Case History
An 8‑year‑old boy with a history of primary second molar extraction in the right mandible presented to the department of maxillofacial surgery with a painful swelling in the right lower jaw. Clinical examination revealed a reddish sessile lesion with an erythematous and ulcerated surface (Figure 1). Contrast‑enhanced computed tomography (CECT) of the right mandibular region demonstrated a non‑calcified, homogeneously enhancing solid lesion, measuring approximately 2 cm, arising from the gingiva at the outer alveolar margin (Figure 2, asterisk) and causing bulging of the buccinator muscle (Figure 2, arrowheads). Bone window reconstructions revealed superficial bone erosion (Figure 3, arrows). Histopathological examination following surgical removal confirmed the diagnosis of peripheral giant cell granuloma (PGCG).

Figure 1
Intraoral view of a reddish sessile lesion in the right mandibular region.

Figure 2
CECT in soft tissue window showing a homogeneously enhancing solid gingival lesion at the buccal aspect (asterisk) causing bulging of the buccinator muscle (white arrowheads).

Figure 3
CECT in bone window revealing superficial bone erosions at outer alveolar ridge (white arrows).
Comments
PGCG is a benign hyperplastic reactive lesion that arises from the periosteum or periodontal membrane of the oral cavity, typically following local irritation or chronic trauma. PGCG accounts for approximately 7% of all benign tumors of the jaw, predominantly affecting the lower jaw and the premolar or molar regions. While there is a higher prevalence of PGCG among middle‑aged and elderly patients, it is more commonly seen in boys than in girls during childhood [1]. The lesion may exhibit more aggressive behavior in children, with a higher likelihood of recurrence. Clinically, PGCG presents as a reddish to bluish soft tissue lesion that can be sessile or pedunculated, and may be ulcerated and prone to bleeding.
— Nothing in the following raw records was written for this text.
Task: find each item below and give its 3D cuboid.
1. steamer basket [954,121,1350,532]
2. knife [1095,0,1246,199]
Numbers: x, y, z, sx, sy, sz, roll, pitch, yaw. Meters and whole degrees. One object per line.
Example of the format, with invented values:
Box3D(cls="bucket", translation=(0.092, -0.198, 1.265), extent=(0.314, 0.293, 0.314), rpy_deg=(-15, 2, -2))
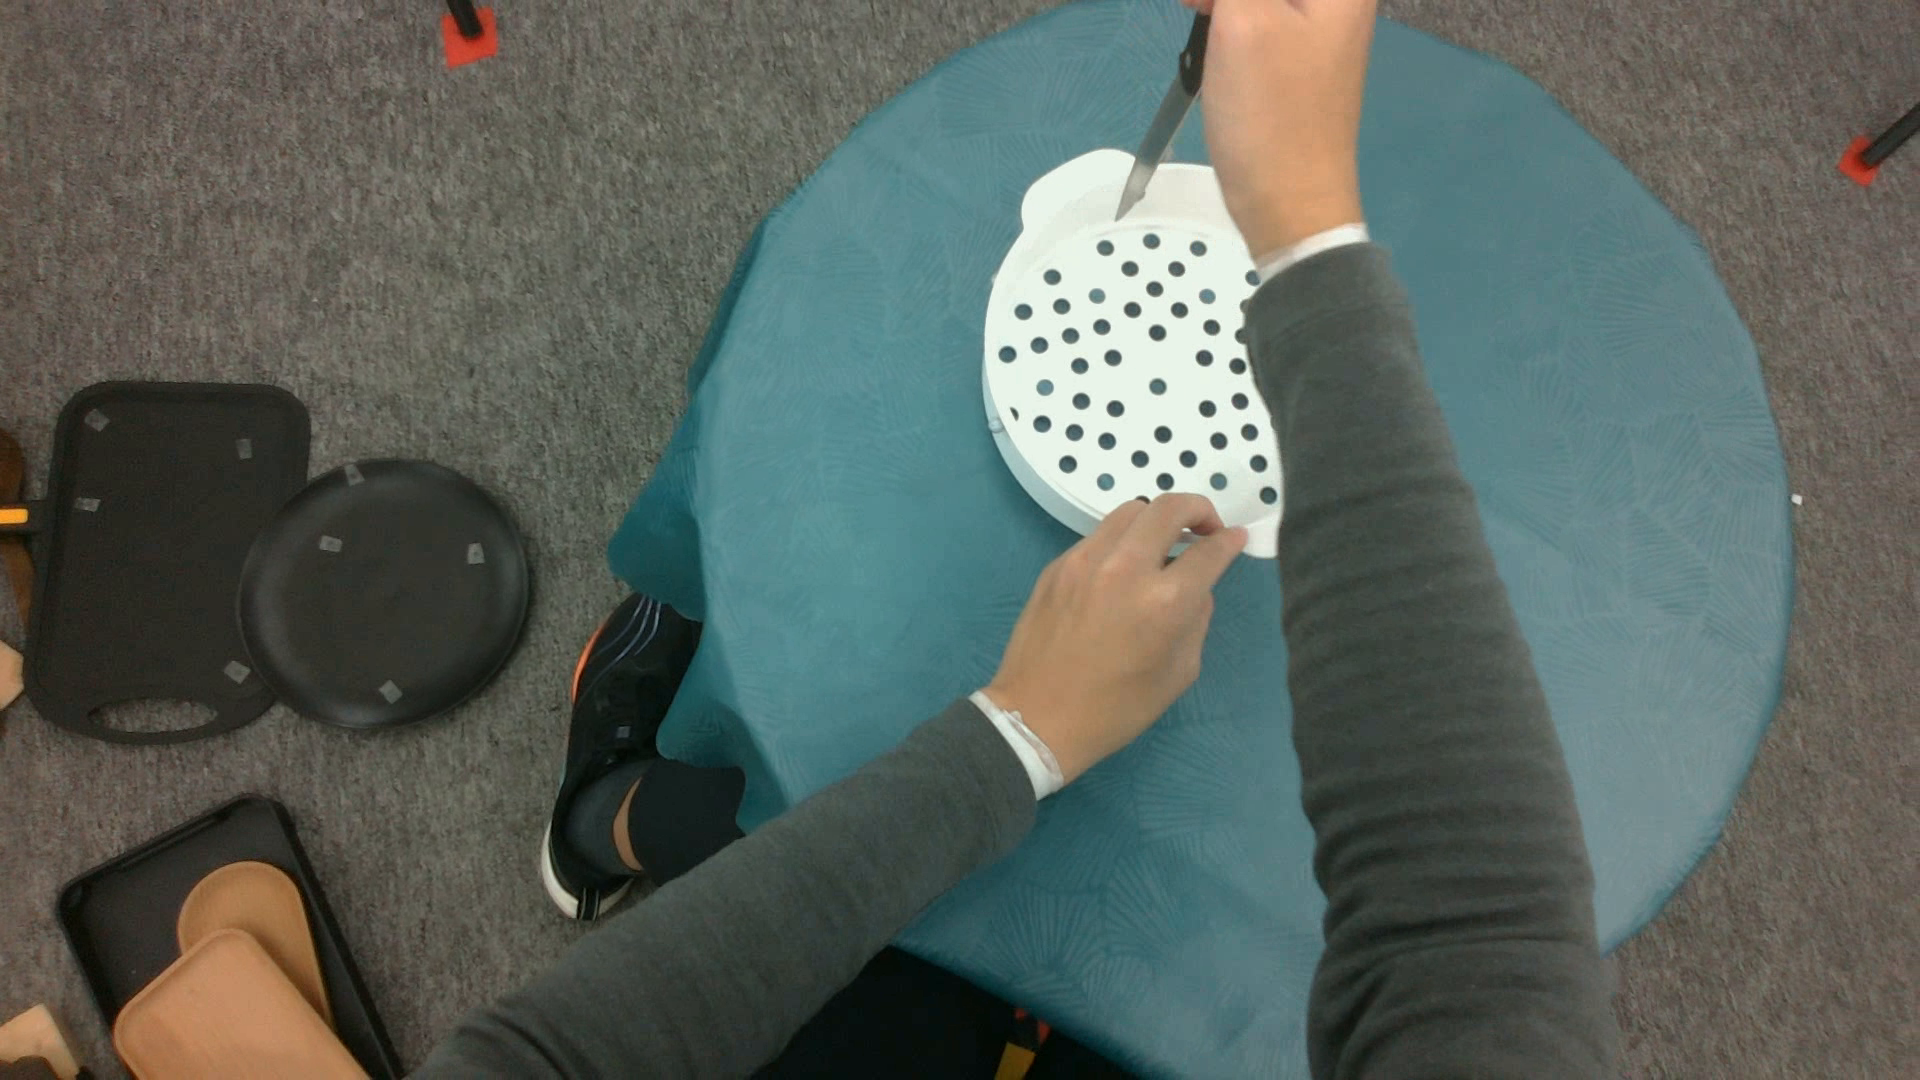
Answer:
Box3D(cls="steamer basket", translation=(0.095, -0.105, 0.716), extent=(0.202, 0.069, 0.230), rpy_deg=(-30, 82, -11))
Box3D(cls="knife", translation=(0.090, -0.196, 0.571), extent=(0.016, 0.237, 0.024), rpy_deg=(4, 75, -10))

An orthopantomogram (OPG) is often used for initial evaluation, but it is insufficient on its own for a thorough assessment of soft tissues.
Computed tomography (CT) imaging and OPG typically reveal superficial destruction of the alveolar margin or crest of the interdental bone, characterized by superficial bone erosion (referred to as saucerization or cuffing), newly formed vertical osteoid spicules at the base of the lesion, and widening of the adjacent periodontal space. Cuffing has been reported in nearly one‑third of cases.
CECT is utilized as a primary diagnostic tool to avoid invasive procedures and to assess the origin of the mass. However, a biopsy followed by histopathological examination is essential for establishing a definitive diagnosis. Unlike central giant cell granuloma (CGCG), there is limited literature regarding the imaging characteristics of PGCG on magnetic resonance imaging (MRI). In cases of acute onset, CT is generally sufficient for initial evaluation, and diagnosis can often be made without further MRI workup. The differential diagnosis of PGCG includes pyogenic granuloma, peripheral ossifying fibroma, and gingival peripheral fibroma. The mainstay treatment is excision and curettage, along with maintaining proper oral hygiene to prevent recurrence.
Competing Interests
The authors have no competing interests to declare.